Рехи кинулся на удачу вперед и вскоре нашел не Инде, а незаметный холмик. Так же когда-то и его погребал ураган, два раза хоронила его пустыня. Рехи подбежал к неверной могилке, спешно разгребая ее руками, стесывая обломанные ногти. В нос и рот набивался песок: он скрипел на зубах, сыпался с ресниц — Рехи не замечал. Сердце его бешено выпрыгивало из груди и успокоилось лишь в тот миг, когда он ощутил под пальцами тепло кожи. Он тащил Инде за шкирку, чтобы освободить из песчаной ловушки. Он хватался за лоскуты ее истлевающего рубища, а они с треском отрывались, не позволяя ухватиться.

— Инде! Давай же! — Рехи с силой дернул девочку за подмышки, и они покатились по песку. Инде громко вдохнула и закашлялась, приходя в себя.

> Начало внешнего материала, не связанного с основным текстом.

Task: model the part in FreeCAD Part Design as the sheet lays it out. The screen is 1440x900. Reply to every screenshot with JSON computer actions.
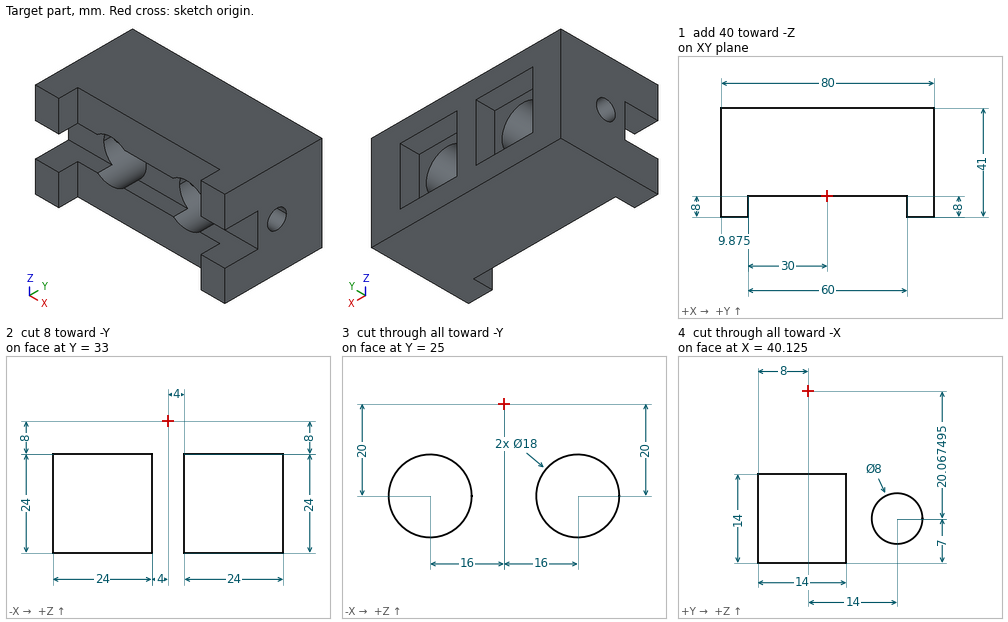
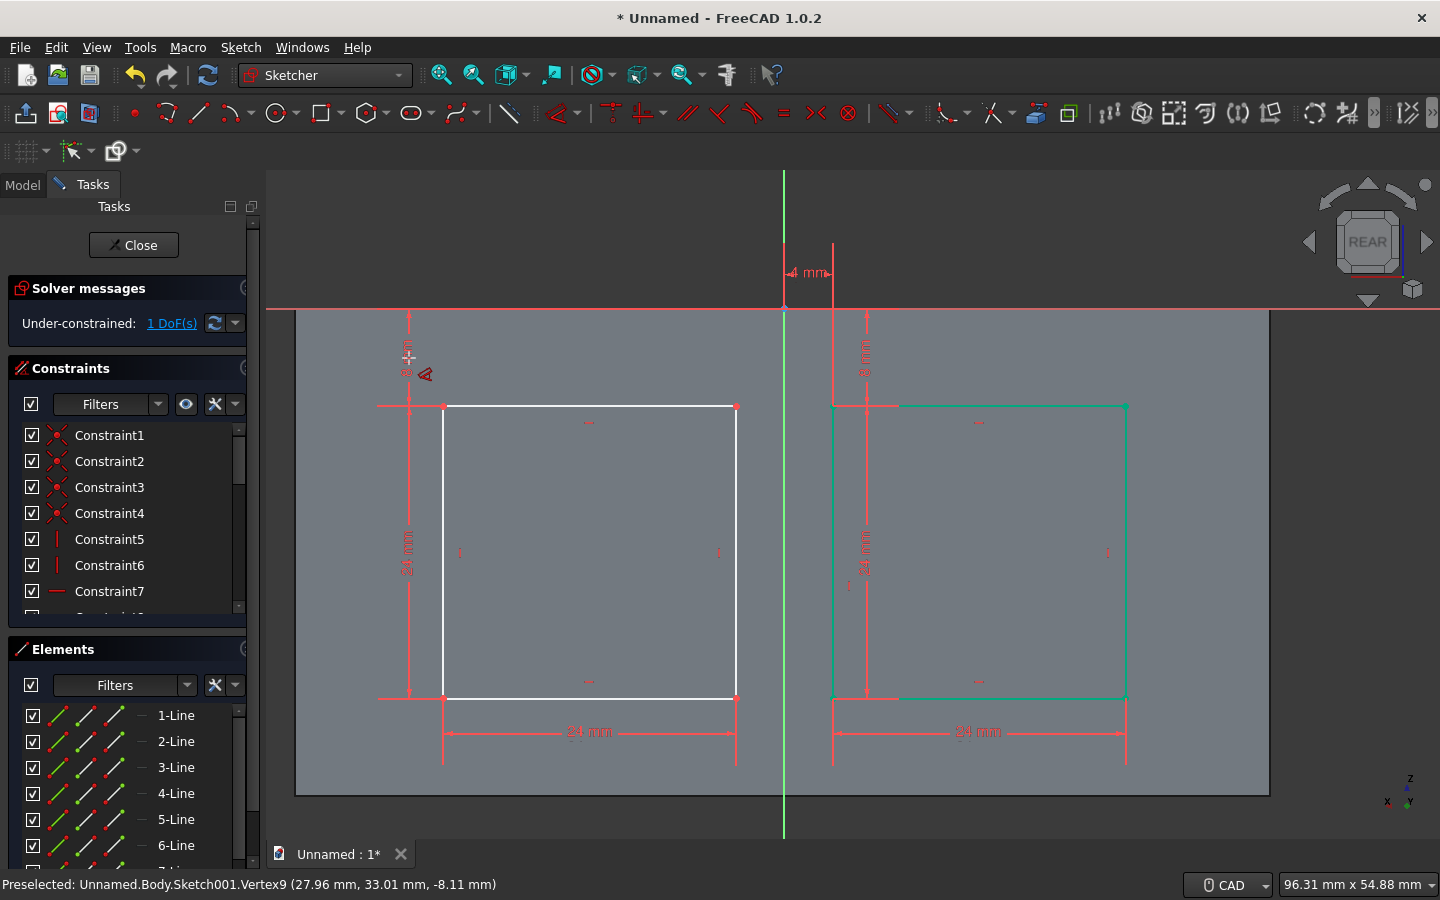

— Инде, сюда, сюда, здесь можно укрыться. Не пещера, но хоть что-то, — просипел Рехи, выплевывая песок. Теперь он крепко сжимал запястье спутницы, чтобы не потерять ее вновь в кромешном водовороте непогоды. Из-за горизонта разносился страшный рокот, даже сквозь сизый хаос прорывались алые всполохи. Кажется, все же извергался Вой Пламени. Прервался его обманчивый сон, сгинул в его страшном пении разрушенный Бастион. Так даже лучше, исчез город великой боли, тьма поглотила его.

— Камень, камень в небе… — бормотал отрешенно Рехи, когда они с Инде спрятались под ненадежной сенью черной скалы.

Гигантский камень и правда упирался в туманное небо мрачным обелиском, его испещряли затейливые узоры, которые изображали какой-то ритуал. Рехи понял, что буря стихает, когда сумел разглядеть их. Но силы окончательно покинули его. Как-то разом выплеснулись, потраченные на разгребание песка. И все — остался только черный камень с неизведанными письменами, рассказом манящего прошлого из времен живого мира. Они тянули, вставали хороводом призраков, пели чудные баллады, восхваляли героев и богов. Тогда все выглядело красивым и понятным. Тогда… Песня смертного хлада звала в далекие времена. Ноги больше не слушались, совсем окоченев.

— Рехи, пойдем! Рехи… — отчаянно дергала за руку Инде. Она плакала, размазывая грязь по запыленному лицу. Корка пыли напоминала следы проказы. Рехи вытянул руку и оттер ее, чтобы развеять иллюзию. На большее ему не хватало сил.